1. Give your python a suitable profiler

Plone 3.x requires zope 2.10 which in turn requires python 2.4. More recent versions are not supported AFAICS. Problem: python2.4 does not have a reliable performance profiling module. Its « hotshot » module is both slow (when loading statistics) and badly bugged : it crashes when you have it load some of the profiles it can generate. You have to add a better profiler to your python environment, namely cProfile (which is shipped with python 2.5).
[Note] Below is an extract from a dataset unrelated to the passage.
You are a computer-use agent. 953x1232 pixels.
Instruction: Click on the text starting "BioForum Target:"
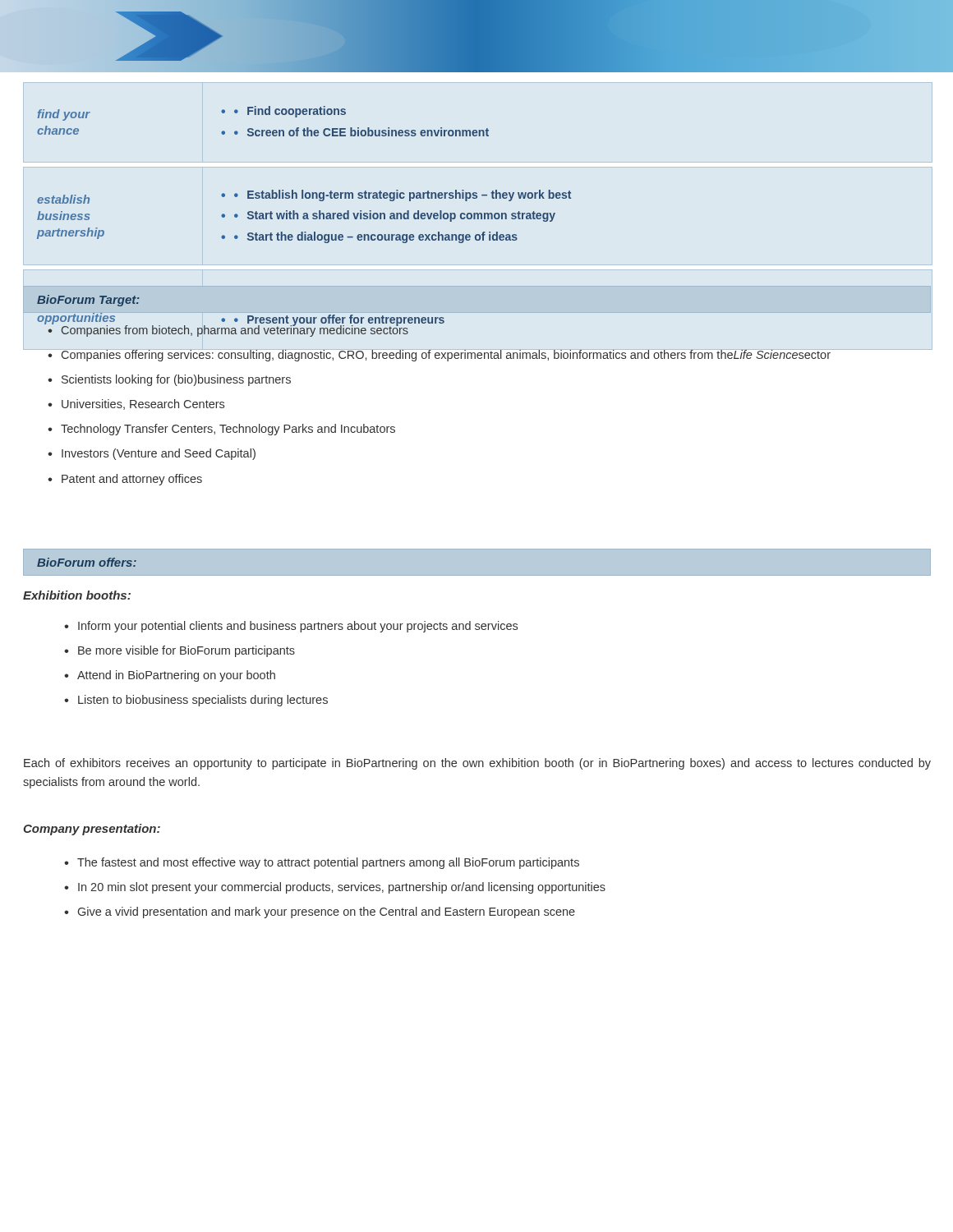(x=88, y=299)

I am a terrible sysadmin and I don’t really understand (and care about) how python manages its pathes and accesses its libraries. So I did this :

  1. download and unzip the source tarball of python 2.5 so that you get cProfile source code
  2. locate relevant files referring to lsprof (the old name of cProfile), using a grep -R lsprof * on the source directory
  3. I personnally located the following files (I leave cProfile test files apart) : Lib/cProfile.py Modules/_lsprof.c and Modules/rotatingtree.* (.c and .h)
  4. download and unzip the source tarball of python 2.4
  5. copy the located cProfile files from their python 2.5 location to the proper dirs into the source code of your fresh python 2.4
  6. update python 2.4 ‘s setup.py file so that the line below is added just after the hoshot one : exts.append( Extension(‘_lsprof’, [‘_lsprof.c’, ‘rotatingtree.c’]) )
  7. did I mention I am so bad at hacking things that I don’t even provide a patch for the operations above ?
  8. compile python 2.4 using a ./configure then make

At this point, you must have an executable python interpreter version 2.4 which includes cProfile. You can check by launching this python and trying a import cProfile which should not fail.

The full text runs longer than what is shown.